WHAT YOU ARE ASKED TO DO:
In the data that follows, count each line holding the string "binnenstad"; answer with the number only.

THE DATA:

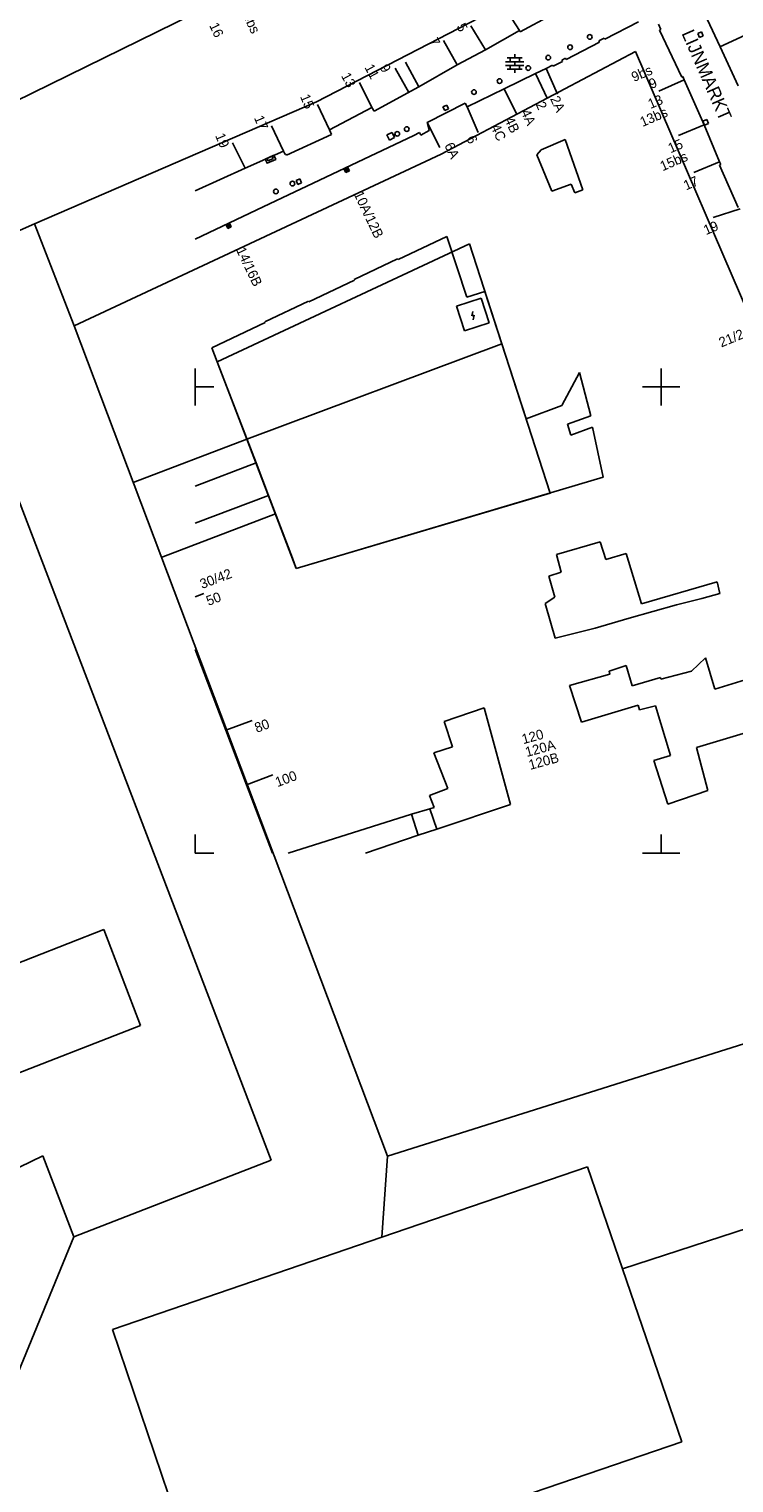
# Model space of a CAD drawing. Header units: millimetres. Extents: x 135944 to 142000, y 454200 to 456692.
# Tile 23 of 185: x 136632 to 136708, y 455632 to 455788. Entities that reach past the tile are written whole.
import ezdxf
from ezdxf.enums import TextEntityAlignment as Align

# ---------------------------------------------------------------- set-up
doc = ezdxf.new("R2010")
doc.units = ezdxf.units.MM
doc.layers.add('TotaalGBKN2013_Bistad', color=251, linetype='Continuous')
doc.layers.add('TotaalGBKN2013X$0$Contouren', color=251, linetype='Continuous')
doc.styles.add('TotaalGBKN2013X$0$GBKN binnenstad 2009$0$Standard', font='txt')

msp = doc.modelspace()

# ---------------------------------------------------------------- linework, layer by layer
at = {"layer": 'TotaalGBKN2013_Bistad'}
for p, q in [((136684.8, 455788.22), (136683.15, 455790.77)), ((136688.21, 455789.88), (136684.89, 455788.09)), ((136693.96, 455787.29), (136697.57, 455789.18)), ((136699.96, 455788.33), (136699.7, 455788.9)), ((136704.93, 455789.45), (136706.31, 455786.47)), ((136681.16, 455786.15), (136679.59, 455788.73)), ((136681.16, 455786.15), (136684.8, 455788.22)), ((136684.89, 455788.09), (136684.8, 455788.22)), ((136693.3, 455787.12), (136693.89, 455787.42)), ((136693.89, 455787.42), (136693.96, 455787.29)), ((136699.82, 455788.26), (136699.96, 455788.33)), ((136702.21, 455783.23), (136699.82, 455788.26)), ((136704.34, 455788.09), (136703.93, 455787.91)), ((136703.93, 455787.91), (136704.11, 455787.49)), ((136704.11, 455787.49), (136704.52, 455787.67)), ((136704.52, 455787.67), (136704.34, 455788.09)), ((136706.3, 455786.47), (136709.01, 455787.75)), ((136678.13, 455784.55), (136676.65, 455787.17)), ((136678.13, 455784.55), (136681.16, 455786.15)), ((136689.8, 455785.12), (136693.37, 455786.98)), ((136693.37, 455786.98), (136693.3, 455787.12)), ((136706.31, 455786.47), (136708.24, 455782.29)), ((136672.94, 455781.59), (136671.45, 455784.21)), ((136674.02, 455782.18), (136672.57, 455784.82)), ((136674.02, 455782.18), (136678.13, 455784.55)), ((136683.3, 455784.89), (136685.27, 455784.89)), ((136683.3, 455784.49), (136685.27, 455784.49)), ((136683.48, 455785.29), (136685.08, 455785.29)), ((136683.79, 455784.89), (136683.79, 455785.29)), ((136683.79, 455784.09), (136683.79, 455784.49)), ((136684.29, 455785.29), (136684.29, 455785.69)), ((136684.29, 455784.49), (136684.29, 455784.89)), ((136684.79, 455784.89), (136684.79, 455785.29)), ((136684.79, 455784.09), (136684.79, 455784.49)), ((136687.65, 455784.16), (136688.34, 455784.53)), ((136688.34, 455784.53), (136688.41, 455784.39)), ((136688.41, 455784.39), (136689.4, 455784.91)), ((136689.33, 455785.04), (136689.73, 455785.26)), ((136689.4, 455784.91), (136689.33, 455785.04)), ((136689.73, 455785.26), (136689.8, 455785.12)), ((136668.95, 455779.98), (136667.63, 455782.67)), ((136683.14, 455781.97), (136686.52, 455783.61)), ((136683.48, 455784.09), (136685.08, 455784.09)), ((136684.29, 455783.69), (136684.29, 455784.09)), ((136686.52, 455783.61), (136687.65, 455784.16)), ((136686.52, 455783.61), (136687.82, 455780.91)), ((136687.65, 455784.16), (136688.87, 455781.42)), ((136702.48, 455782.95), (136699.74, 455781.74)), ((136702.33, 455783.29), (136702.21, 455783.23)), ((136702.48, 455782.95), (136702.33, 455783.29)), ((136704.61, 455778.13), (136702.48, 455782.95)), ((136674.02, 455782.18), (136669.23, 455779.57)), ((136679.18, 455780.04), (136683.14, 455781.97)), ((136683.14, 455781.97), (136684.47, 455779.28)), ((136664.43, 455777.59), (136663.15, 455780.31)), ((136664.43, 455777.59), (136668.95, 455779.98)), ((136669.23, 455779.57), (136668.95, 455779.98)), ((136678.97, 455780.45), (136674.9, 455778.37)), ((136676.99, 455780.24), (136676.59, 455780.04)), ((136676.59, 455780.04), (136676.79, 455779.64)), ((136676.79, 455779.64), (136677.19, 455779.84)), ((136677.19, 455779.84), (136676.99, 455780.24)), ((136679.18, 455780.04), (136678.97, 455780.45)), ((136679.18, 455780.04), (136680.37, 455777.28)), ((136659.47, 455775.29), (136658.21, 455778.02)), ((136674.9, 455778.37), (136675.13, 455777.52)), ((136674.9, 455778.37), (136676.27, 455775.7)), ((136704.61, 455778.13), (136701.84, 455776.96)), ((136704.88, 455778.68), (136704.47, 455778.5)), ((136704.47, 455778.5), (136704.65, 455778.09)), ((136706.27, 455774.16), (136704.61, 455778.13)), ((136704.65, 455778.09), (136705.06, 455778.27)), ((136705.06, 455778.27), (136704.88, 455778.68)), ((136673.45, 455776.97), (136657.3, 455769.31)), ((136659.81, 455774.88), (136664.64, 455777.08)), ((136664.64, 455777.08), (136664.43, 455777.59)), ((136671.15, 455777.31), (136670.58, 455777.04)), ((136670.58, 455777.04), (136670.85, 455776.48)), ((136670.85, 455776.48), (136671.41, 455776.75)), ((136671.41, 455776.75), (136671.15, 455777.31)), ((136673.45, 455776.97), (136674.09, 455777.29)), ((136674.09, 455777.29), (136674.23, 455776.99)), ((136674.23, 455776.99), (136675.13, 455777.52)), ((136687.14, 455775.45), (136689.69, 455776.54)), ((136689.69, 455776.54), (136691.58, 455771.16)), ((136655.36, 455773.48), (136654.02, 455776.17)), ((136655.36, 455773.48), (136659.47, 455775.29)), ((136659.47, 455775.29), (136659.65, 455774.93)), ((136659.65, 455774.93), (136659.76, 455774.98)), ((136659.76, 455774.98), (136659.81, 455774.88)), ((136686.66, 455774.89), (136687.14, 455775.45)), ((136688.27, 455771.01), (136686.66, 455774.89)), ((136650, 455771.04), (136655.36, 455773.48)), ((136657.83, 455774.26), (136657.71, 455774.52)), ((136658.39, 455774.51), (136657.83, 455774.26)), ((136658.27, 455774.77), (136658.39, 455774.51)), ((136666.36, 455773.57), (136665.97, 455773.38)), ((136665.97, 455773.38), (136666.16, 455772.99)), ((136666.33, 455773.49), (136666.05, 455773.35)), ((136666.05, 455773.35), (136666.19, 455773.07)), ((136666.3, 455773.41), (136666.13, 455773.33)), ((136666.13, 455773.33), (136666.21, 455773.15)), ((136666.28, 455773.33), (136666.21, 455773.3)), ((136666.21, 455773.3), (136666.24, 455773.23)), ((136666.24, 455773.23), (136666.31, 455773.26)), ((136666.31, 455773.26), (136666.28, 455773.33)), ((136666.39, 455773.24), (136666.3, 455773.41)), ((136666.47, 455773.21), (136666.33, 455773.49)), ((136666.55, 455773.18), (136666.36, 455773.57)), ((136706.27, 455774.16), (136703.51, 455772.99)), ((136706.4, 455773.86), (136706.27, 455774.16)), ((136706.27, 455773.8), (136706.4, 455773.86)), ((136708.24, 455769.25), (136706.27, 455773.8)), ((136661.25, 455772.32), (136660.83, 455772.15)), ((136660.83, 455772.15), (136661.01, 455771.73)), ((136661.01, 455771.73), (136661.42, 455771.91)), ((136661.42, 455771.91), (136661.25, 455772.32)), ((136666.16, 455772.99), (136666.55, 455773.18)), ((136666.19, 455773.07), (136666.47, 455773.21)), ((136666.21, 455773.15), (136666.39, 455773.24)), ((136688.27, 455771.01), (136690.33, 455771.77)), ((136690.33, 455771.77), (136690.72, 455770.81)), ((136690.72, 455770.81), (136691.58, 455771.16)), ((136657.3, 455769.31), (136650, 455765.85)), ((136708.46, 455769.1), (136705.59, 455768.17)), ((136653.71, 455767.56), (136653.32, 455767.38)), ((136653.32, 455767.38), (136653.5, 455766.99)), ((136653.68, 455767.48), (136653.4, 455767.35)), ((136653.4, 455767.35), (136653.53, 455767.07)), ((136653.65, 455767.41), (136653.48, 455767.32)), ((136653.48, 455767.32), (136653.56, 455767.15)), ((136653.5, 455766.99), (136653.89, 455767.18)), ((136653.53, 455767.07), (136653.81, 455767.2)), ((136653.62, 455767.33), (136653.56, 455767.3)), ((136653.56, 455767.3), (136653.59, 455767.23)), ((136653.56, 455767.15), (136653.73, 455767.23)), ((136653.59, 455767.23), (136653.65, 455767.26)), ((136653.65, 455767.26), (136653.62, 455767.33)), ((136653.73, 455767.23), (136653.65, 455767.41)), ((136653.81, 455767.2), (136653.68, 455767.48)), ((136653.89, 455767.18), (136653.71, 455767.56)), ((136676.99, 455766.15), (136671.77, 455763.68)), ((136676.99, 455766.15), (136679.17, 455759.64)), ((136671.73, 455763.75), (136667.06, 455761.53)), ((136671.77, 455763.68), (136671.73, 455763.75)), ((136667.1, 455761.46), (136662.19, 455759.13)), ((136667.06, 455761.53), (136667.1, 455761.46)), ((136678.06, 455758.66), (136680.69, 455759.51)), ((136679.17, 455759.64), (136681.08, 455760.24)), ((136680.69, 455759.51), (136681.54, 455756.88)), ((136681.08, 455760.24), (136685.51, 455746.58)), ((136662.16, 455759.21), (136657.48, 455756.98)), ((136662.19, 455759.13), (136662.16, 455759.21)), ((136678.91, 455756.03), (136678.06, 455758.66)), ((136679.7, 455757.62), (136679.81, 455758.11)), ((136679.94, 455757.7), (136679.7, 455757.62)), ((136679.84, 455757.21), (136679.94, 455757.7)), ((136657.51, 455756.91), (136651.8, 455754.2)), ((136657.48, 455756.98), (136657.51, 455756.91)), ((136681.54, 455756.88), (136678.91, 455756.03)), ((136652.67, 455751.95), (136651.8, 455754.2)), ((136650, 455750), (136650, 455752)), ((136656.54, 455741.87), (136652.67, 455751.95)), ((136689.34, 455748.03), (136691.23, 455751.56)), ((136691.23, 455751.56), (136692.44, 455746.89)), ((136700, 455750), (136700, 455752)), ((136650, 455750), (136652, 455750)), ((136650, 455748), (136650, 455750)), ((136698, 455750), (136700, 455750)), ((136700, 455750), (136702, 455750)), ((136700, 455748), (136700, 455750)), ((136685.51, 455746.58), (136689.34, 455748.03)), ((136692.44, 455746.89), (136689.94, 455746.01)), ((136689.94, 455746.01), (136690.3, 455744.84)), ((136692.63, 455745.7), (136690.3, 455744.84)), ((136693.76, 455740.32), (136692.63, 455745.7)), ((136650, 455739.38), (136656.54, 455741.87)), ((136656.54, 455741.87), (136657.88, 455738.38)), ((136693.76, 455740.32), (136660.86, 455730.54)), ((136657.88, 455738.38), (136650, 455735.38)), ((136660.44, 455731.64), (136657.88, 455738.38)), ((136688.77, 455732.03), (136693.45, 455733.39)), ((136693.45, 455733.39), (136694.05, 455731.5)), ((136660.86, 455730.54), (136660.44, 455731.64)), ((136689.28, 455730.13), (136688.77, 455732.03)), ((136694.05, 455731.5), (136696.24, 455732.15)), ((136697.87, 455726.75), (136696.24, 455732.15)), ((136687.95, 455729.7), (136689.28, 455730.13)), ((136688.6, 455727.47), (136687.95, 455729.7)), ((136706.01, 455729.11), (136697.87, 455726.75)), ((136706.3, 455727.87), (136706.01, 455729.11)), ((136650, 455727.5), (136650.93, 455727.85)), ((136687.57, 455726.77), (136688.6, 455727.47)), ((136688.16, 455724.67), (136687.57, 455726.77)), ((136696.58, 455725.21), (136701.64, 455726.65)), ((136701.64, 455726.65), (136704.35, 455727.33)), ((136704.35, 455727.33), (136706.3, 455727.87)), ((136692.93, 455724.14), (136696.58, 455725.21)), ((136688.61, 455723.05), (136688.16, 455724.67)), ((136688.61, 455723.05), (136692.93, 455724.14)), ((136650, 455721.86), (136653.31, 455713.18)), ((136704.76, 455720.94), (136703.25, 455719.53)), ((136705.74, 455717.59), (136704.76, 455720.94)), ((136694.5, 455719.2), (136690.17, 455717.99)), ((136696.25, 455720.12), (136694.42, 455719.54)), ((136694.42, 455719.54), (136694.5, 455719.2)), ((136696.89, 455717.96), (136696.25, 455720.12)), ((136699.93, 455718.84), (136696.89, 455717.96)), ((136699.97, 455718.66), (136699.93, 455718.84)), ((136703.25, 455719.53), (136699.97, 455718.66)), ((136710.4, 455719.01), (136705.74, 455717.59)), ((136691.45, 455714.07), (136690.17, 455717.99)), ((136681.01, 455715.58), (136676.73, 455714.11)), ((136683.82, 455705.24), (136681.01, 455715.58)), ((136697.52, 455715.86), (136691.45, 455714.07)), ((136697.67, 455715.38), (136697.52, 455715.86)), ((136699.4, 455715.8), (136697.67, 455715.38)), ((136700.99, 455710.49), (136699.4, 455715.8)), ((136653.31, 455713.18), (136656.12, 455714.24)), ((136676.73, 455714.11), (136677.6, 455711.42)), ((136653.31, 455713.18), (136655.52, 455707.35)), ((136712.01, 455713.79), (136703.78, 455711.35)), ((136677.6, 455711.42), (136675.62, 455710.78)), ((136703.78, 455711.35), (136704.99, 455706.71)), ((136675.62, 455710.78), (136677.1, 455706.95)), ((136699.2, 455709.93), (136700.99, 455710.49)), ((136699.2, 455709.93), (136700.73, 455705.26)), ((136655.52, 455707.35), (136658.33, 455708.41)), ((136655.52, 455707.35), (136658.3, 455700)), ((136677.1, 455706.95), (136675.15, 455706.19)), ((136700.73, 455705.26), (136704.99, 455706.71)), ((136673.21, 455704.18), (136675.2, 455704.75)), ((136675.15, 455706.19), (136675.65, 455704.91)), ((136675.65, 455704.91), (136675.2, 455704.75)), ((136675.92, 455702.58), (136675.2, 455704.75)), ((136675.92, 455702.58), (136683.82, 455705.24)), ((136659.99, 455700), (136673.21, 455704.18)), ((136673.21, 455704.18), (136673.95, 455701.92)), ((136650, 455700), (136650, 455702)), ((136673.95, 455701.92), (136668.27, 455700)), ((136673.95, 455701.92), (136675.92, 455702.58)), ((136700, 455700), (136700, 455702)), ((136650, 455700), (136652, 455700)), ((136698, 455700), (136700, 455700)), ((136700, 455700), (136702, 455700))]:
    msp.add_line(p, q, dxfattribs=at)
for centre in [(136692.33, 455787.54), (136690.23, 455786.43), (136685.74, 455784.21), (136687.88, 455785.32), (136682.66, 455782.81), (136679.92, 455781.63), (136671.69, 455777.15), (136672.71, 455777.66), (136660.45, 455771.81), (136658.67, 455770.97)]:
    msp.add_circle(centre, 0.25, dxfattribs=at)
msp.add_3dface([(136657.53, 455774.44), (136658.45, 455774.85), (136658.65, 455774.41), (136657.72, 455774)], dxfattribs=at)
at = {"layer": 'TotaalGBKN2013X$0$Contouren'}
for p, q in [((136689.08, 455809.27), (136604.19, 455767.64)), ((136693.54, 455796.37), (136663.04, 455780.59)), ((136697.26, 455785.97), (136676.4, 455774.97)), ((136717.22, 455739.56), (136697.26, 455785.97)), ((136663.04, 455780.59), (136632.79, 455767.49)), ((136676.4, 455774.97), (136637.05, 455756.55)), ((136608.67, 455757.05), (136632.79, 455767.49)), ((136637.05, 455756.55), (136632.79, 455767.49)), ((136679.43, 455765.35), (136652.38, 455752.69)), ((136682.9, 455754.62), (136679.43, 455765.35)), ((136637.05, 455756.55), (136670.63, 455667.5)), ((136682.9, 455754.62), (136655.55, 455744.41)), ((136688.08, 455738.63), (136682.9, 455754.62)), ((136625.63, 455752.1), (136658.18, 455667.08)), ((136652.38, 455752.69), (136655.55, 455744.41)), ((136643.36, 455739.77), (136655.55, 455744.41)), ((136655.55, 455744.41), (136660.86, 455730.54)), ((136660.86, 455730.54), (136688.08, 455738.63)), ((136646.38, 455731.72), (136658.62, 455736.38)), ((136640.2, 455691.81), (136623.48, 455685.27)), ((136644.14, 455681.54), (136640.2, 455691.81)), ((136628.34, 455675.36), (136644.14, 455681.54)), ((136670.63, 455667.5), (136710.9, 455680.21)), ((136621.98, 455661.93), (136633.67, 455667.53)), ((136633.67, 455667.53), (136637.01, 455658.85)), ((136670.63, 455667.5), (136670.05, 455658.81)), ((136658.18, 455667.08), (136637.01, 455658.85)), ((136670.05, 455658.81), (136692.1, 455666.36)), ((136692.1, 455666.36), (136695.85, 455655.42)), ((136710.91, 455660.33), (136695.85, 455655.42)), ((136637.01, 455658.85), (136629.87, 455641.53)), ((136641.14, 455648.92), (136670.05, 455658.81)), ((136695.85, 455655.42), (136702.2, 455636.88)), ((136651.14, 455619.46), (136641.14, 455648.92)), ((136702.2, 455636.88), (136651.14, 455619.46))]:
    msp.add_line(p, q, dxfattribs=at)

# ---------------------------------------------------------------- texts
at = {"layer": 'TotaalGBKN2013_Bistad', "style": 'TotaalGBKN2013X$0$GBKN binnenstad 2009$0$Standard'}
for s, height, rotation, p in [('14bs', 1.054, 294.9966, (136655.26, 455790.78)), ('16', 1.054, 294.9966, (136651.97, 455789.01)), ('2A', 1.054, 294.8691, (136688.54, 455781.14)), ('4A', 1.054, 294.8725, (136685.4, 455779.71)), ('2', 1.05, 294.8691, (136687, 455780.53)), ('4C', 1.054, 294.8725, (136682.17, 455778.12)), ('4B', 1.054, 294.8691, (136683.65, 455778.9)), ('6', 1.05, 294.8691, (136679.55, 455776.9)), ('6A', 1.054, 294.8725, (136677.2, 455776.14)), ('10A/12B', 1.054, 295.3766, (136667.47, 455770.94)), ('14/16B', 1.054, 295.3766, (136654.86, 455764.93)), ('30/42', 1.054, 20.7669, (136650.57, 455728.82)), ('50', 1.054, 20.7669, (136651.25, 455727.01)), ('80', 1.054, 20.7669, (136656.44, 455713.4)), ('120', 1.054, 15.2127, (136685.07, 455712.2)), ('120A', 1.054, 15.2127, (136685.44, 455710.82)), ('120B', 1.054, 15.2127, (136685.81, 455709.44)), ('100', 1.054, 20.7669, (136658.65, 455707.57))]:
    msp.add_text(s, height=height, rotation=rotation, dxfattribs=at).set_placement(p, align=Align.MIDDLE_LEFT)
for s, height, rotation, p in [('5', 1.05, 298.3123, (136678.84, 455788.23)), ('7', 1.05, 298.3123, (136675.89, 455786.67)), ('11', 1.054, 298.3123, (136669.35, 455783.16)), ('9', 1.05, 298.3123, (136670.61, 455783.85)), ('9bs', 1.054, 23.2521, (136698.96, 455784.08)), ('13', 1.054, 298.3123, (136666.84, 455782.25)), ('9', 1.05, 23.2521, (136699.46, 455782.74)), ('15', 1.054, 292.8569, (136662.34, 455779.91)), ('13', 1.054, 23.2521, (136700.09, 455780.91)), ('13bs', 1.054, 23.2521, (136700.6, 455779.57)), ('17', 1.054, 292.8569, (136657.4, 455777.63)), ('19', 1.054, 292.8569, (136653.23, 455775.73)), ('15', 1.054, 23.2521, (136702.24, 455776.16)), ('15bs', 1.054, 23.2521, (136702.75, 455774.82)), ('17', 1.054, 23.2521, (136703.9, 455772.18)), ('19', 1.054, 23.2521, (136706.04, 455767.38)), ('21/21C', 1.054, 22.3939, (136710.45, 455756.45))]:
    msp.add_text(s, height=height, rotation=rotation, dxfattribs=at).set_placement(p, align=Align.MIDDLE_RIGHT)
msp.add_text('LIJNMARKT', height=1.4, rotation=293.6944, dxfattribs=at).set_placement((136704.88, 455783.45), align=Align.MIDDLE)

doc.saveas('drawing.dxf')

ANSWER TO THIS EXERCISE:
2